Geist v. City of St. Louis

57 S.W. 766, 156 Mo. 643, 1900 Mo. LEXIS 338
CourtSupreme Court of Missouri
DecidedJune 12, 1900
StatusPublished
Cited by17 cases

This text of 57 S.W. 766 (Geist v. City of St. Louis) is published on Counsel Stack Legal Research, covering Supreme Court of Missouri primary law. Counsel Stack provides free access to over 12 million legal documents including statutes, case law, regulations, and constitutions.

Bluebook
Geist v. City of St. Louis, 57 S.W. 766, 156 Mo. 643, 1900 Mo. LEXIS 338 (Mo. 1900).

Opinion

BRACE, P. J.

At the December term, 1896, of the circuit court of the city of St. Louis the respondent recovered judgment against D. P. O’Brien for the sum of $124.10, bearing eight per cent per annum interest, on which execution' was issued returnable to the April term, 1897, of said court, which execution at said term was returned nulla bona and wholly unsatisfied.

Afterwards on the 30th of June, 1897, the respondent instituted this suit against the said O’Brien and the city of St. Louis, reciting these facts, and charging in his petition for his cause of action that “defendant O’Brien is, and has been for a long time in the employ of the defendant city of St. Louis, in the office of its recorder of deeds, at a monthly salary of $125, that said O’Brien has now earned, by reason of said employment, and there-is still due him and unpaid the [646]*646sum of $125 for services performed as an employee of said city during the month of June, 1891; that said O’Brien is wholly insolvent, and has no property other than the amount of money due him from the city of St. Louis, as aforesaid, and the money which he may hereafter earn as sirch employee of said city, out of which plaintiff may make his judgment aforesaid, or upon which he can cause any process or execution to be levied, and plaintiff knows of no other person who is indebted to defendant, or whom he can cause to be summoned as garnishee of defendant,” and praying that the city be required to pay the amount so due to said O’Brien to be applied on said judgment.

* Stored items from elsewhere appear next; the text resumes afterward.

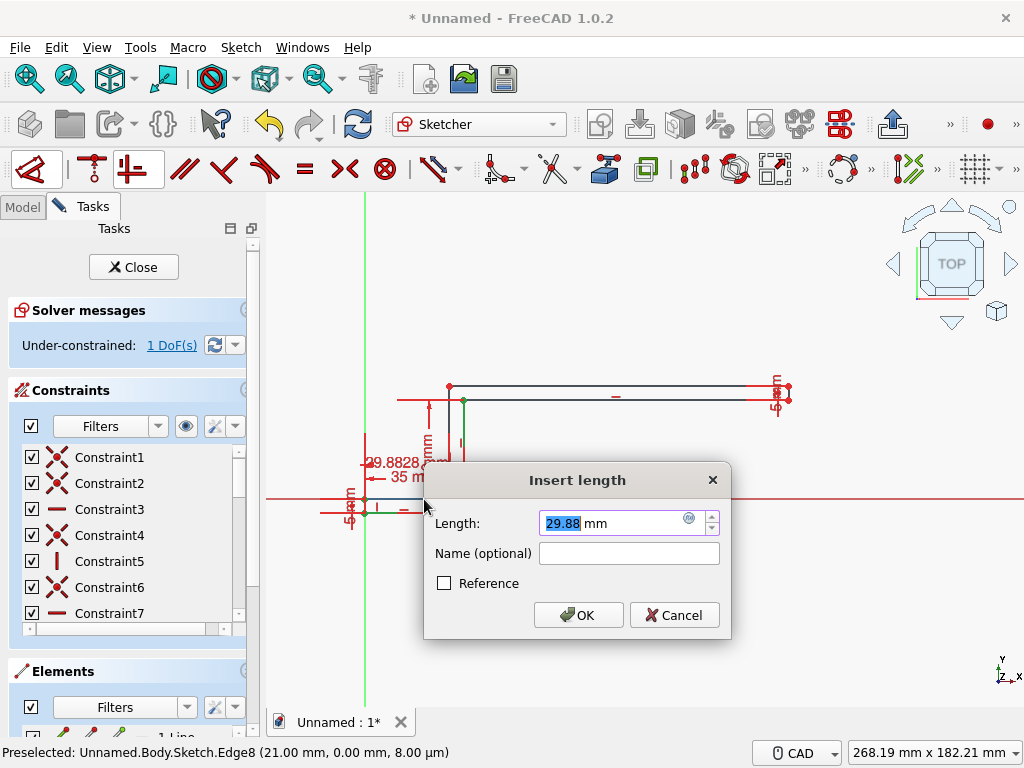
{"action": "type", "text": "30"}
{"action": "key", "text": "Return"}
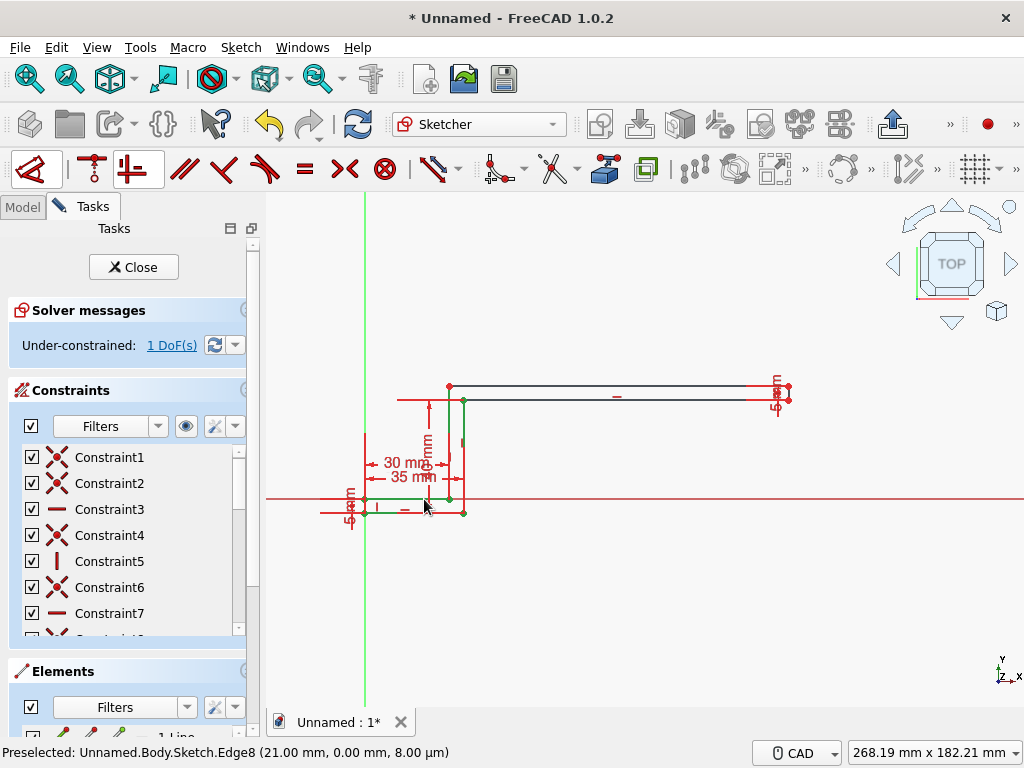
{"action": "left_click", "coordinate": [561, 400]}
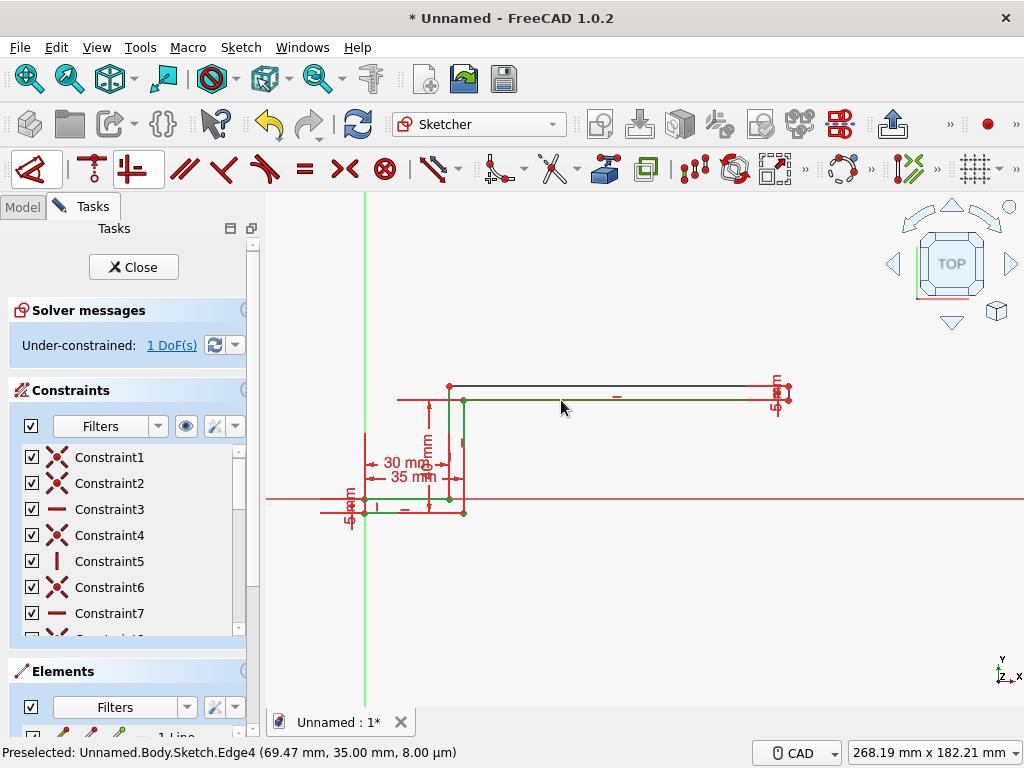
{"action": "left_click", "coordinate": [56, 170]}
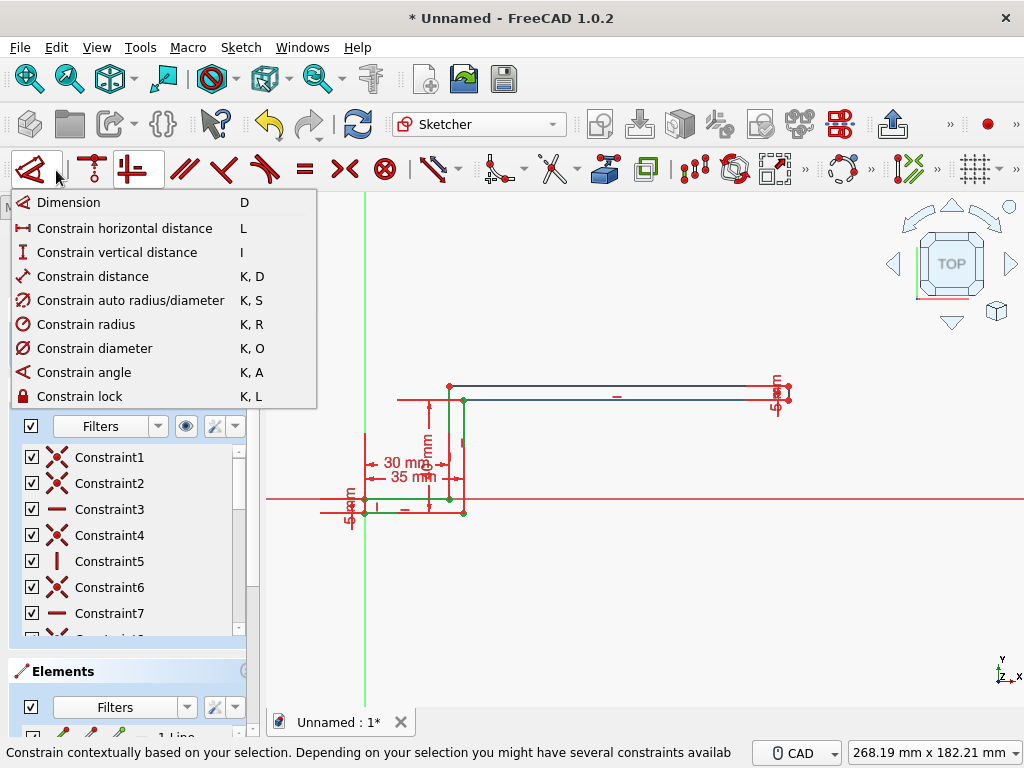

O’Brien made default, and the city demurred to the petition on the following grounds:

“Eirst. The petition does not state facts sufficient to constitute a cause of action against this defendant.
“Second. There is no equity in the petition.
“Third. Public policy prohibits equitable garnishments against a municipal corporation, because the public interests would suffer by abstracting from their corporate duties the time and attention of the officers and occupying them in contests about which the corporation has no interest, and thereby there would be an interference with the city in the administration of its public governmental functions.”

The demurrer was overruled, and the city standing on its demurrer, judgment was rendered against it for the said sum of $125, and the city appealed.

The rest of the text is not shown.